• **TASK DIRECTIONS**
Set each line of the material below down word for word, from the first through the line that holds "This screenshot has height=1292, width=924.", but not the pictures.

• **DATA FOR ANALYSIS**
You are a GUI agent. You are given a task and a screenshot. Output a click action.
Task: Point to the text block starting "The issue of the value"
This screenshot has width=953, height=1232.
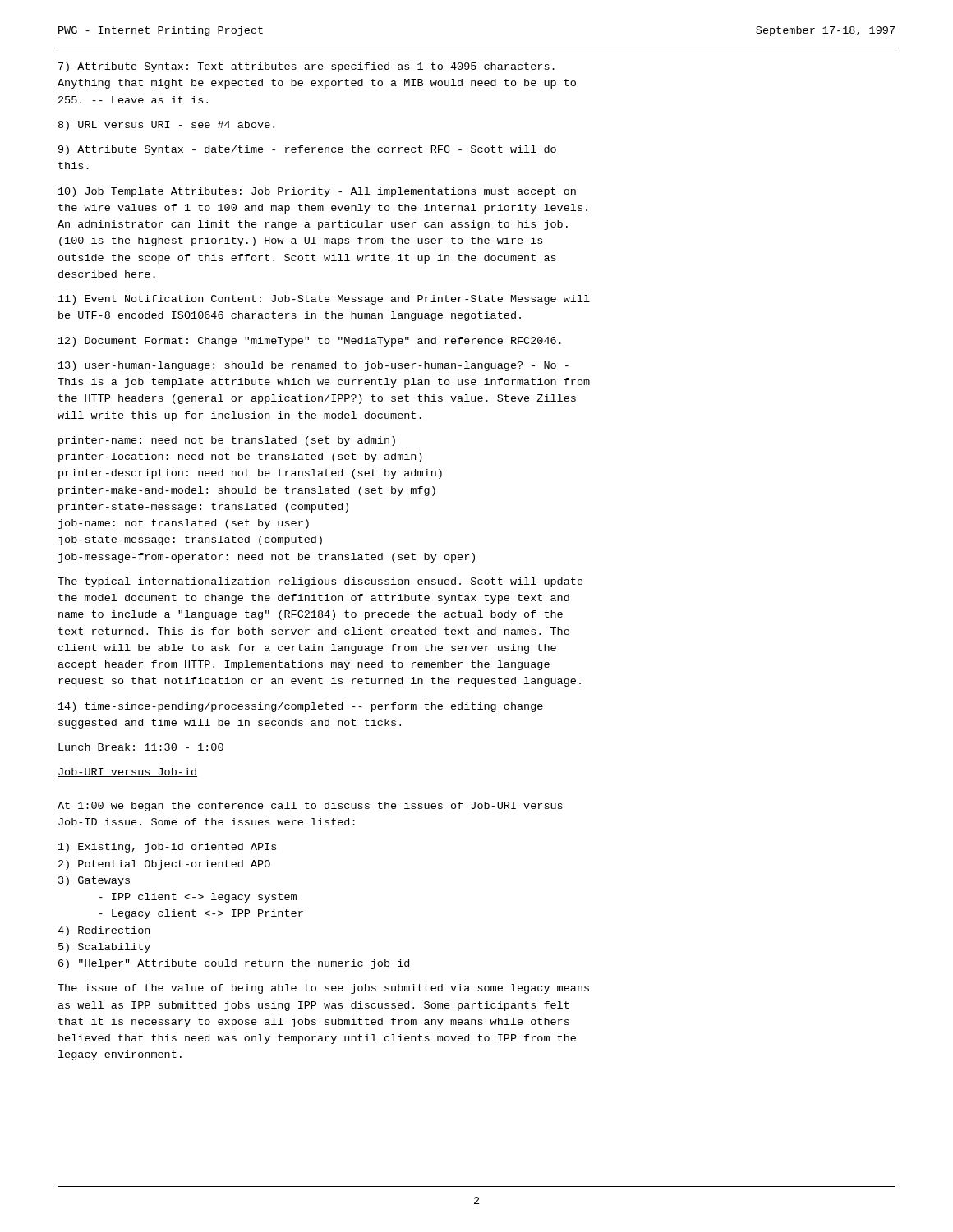pos(476,1022)
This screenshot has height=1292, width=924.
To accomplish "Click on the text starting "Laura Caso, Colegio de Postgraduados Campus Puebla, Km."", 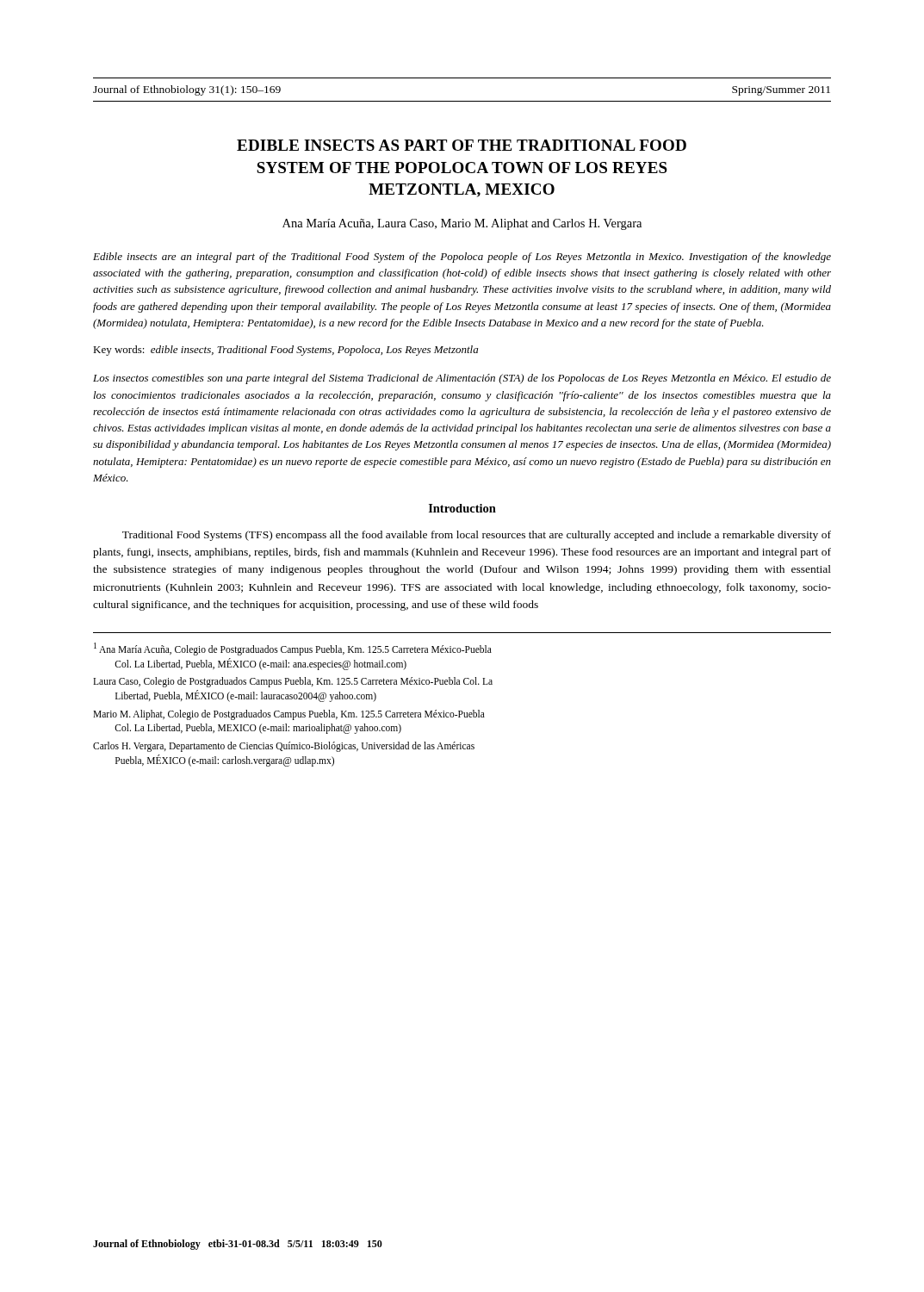I will (x=462, y=690).
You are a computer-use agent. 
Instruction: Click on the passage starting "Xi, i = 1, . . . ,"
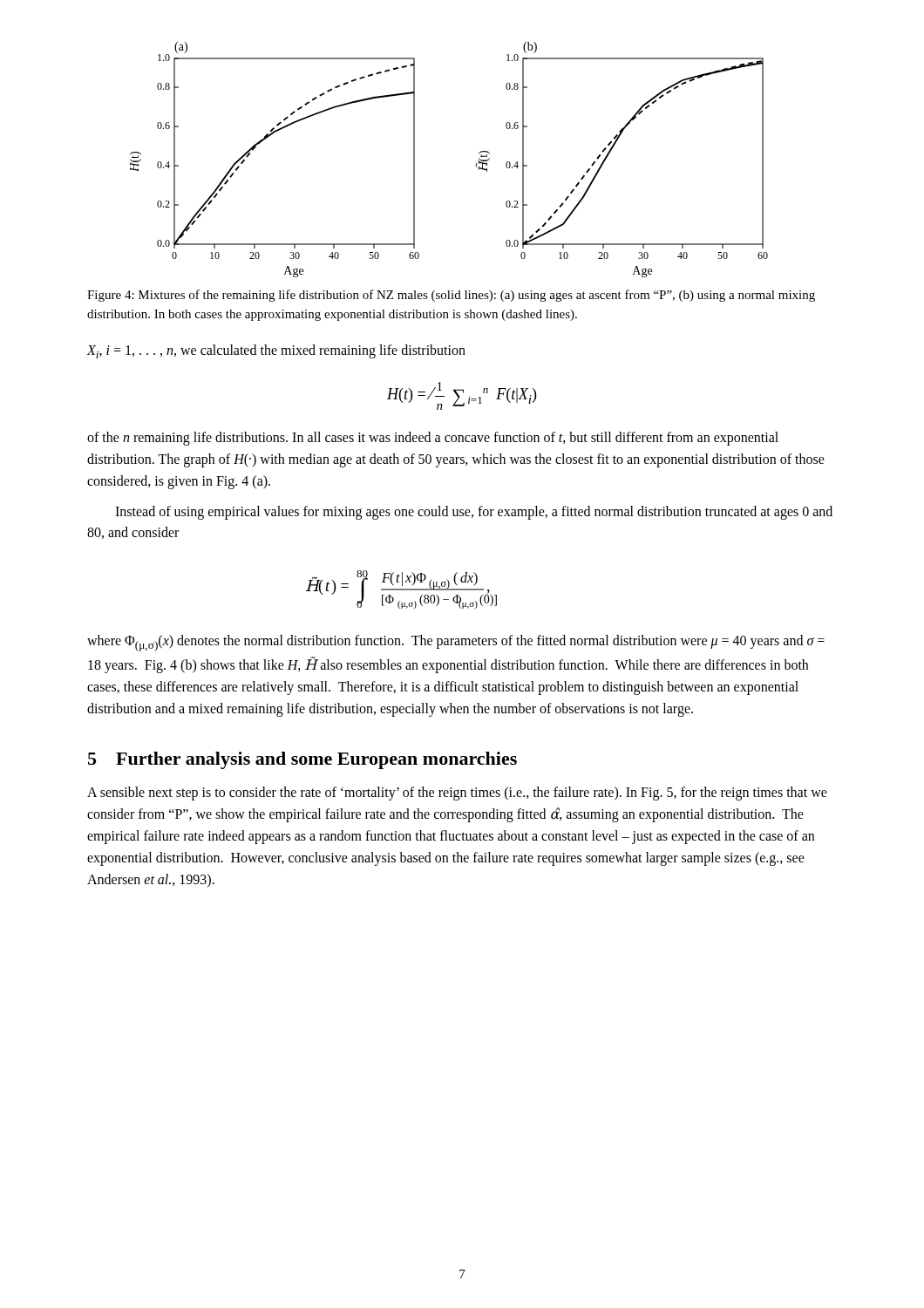pyautogui.click(x=276, y=352)
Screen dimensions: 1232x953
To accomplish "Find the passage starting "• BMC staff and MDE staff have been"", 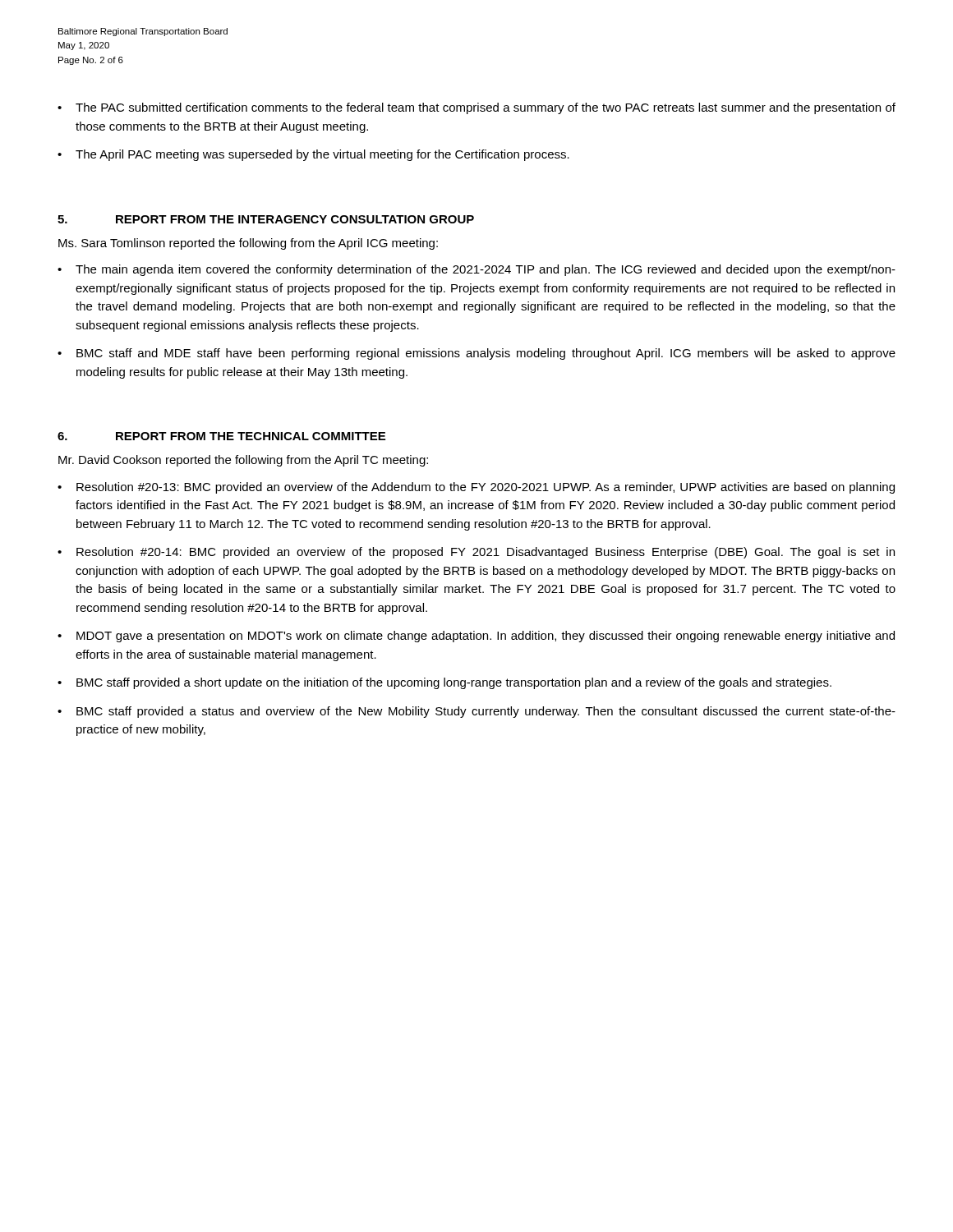I will 476,363.
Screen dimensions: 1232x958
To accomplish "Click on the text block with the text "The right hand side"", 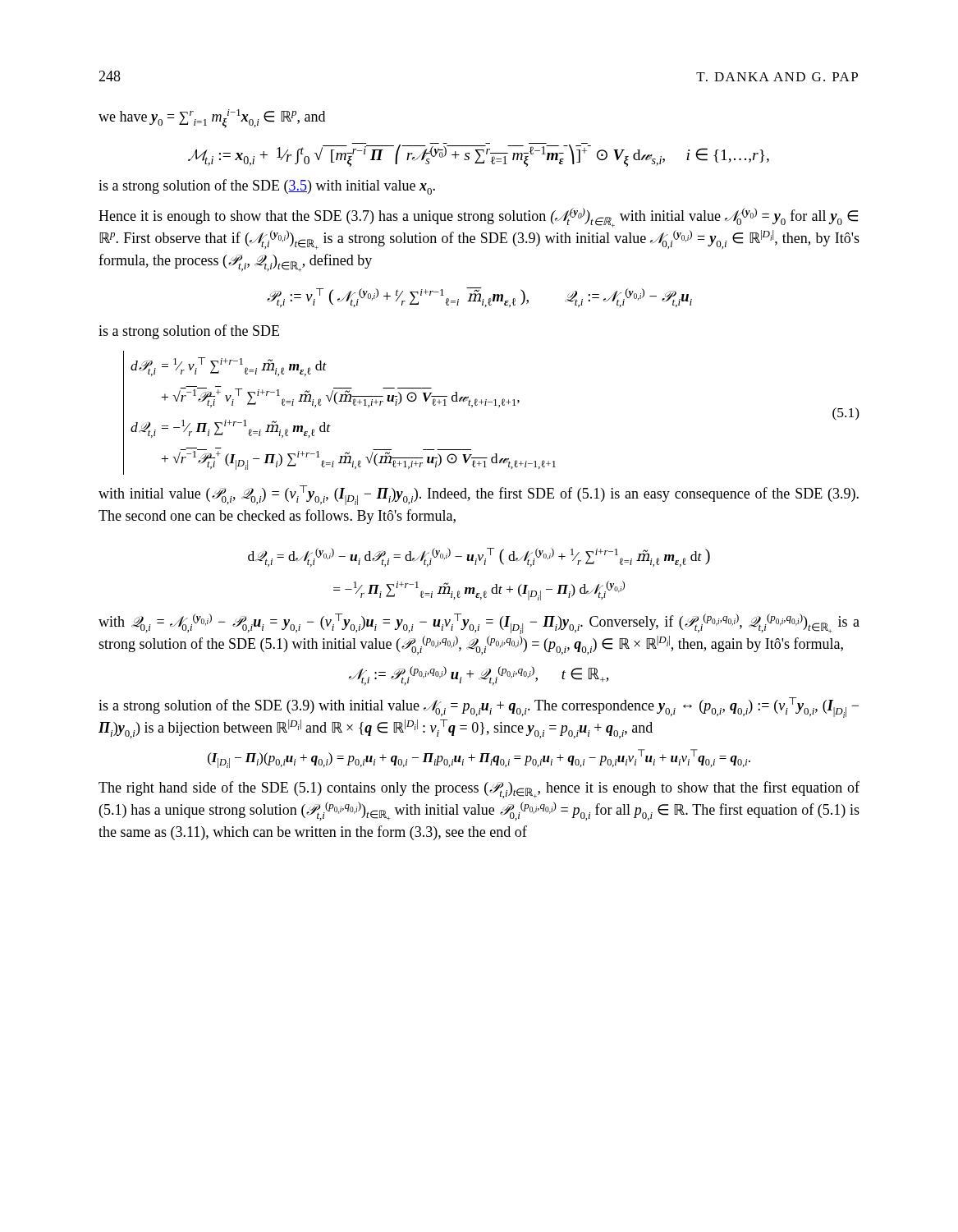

• **ANSWER TO THE PROBLEM**
You are a GUI agent. You are given a task and a screenshot. Output a click action.
Task: Point to the text block starting "The issue of the value"
This screenshot has width=953, height=1232.
pos(476,1022)
This screenshot has height=1292, width=924.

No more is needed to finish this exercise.